There has been an interesting development in our lives. When we had our older son, there was no question that we wanted a second. And we went through a lot to get my little Elliott, and he was worth every bit of it. But then we had to decide if we wanted a third child. Honestly, there has been a lot of discussion about it. My husband has had many good reasons why we should stop at 2….and yet, I just don’t feel done. I don’t feel like we are complete. The other evening, my husband surprised me by saying that if we were going to have a third child, he’d rather that we did it sooner rather than later. While I had some reservations about having our kids so close together (I really like the 3 yr age difference between our boys), I wanted to respect his opinions (plus, he was finally saying YES!)

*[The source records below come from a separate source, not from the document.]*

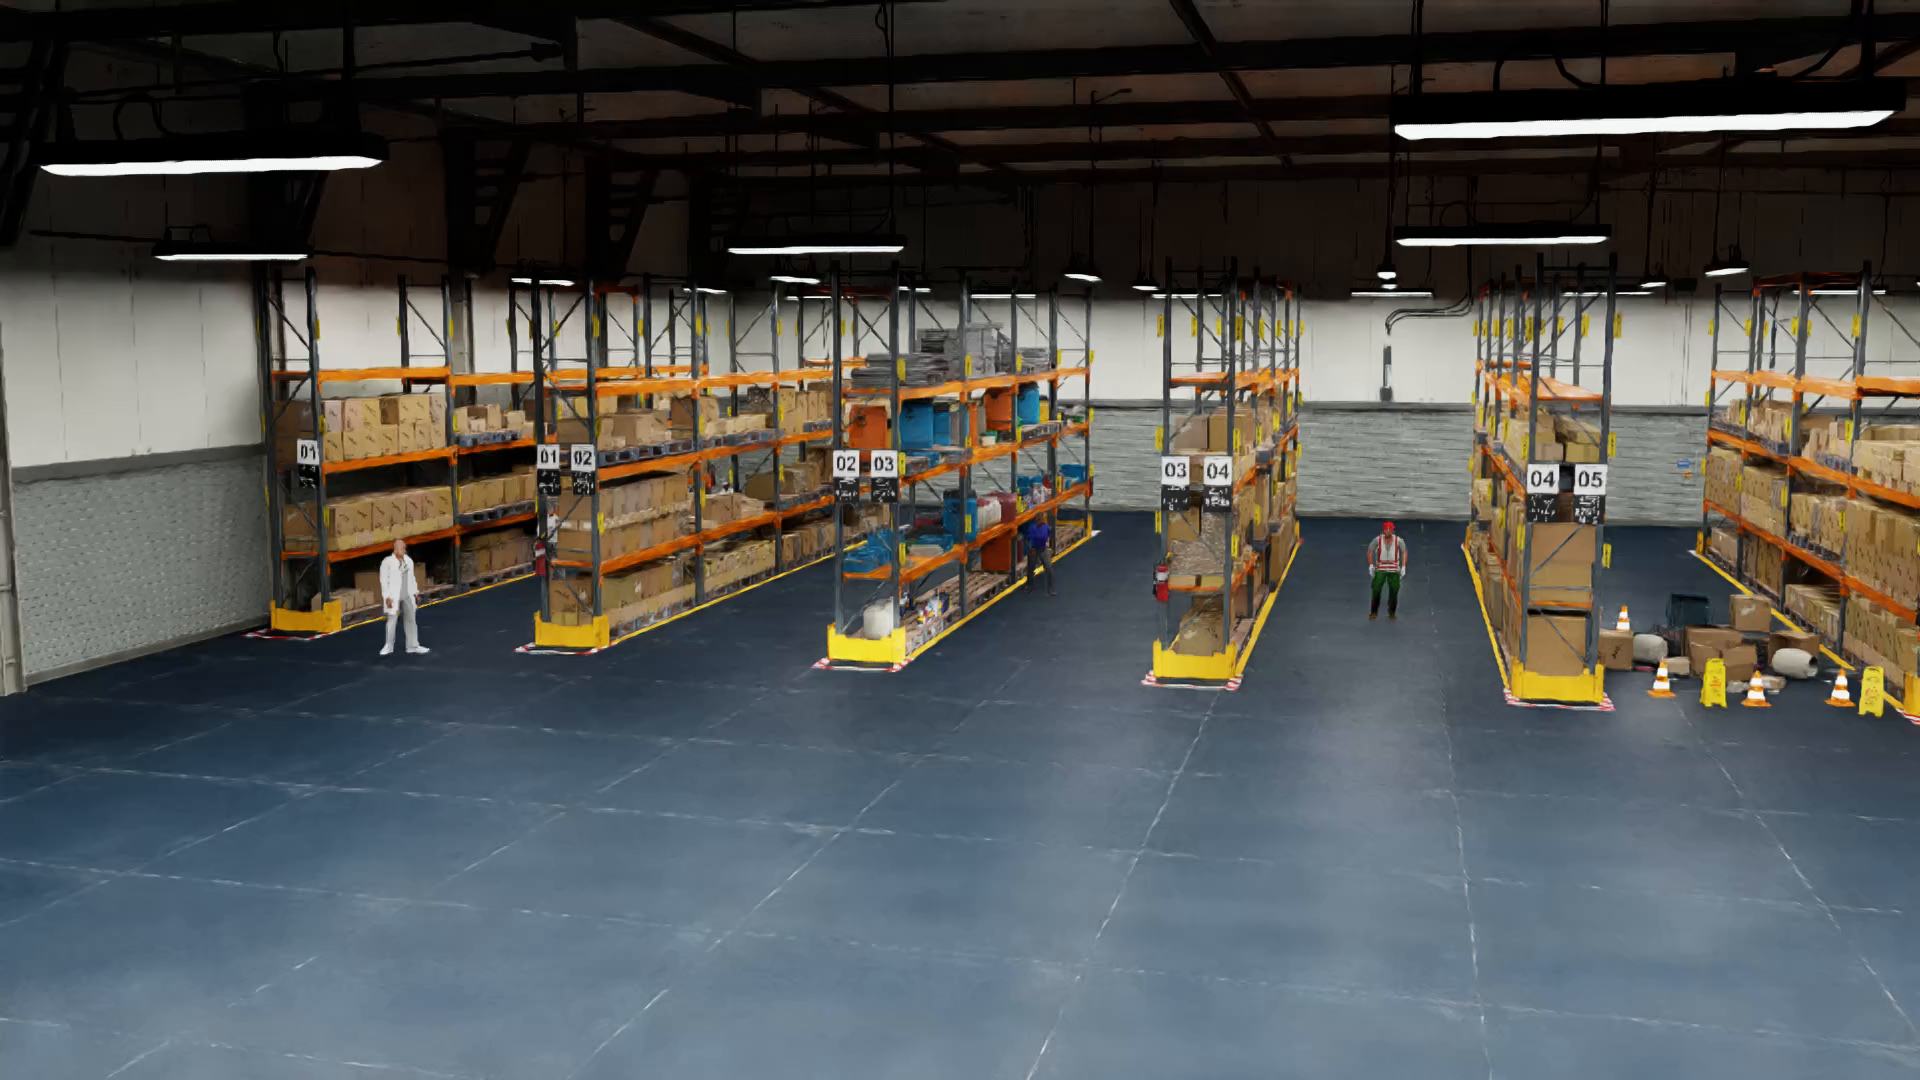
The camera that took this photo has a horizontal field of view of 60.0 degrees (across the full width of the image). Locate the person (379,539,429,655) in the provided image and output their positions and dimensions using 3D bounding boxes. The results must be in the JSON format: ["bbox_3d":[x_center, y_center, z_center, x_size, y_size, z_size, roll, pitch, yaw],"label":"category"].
[{"bbox_3d":[-8.628,0.929,25.593,0.527,1.669,0.675,7,10,42],"label":"person"}]

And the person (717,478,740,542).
[{"bbox_3d":[-5.325,-0.639,38.145,0.445,1.590,1.076,2,7,12],"label":"person"}]

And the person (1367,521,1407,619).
[{"bbox_3d":[7.348,0.520,28.642,0.677,1.742,0.551,2,7,14],"label":"person"}]

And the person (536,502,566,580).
[{"bbox_3d":[-8.031,0.028,32.905,0.639,1.610,0.807,0,7,-2],"label":"person"}]

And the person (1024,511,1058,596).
[{"bbox_3d":[1.512,0.231,31.375,0.621,1.588,0.828,0,7,-2],"label":"person"}]

So, just 3 months after it was put in, the doctor removed my IUD this week. We will be waiting 3-6 months before we start trying. I truly feel like my IUD was at least a contributing factor to all my chemical pregnancies. Primarily because it thins out your lining and after all the testing I went through, the only thing they could find was that I had really thin uterine lining, pre-ovulation. I was very hesitant to put the IUD back in, but since I was (and am still) breastfeeding, my only birth control option was the mini-pill and I was TERRIBLE about taking it at the same time every day. I knew I would end up with an accidental pregnancy and personally I prefer to have more control over when I get pregnant than risk that, so I got an IUD in February, thinking it would be in for a year or so before we started trying. Well, 4 months later it is out again.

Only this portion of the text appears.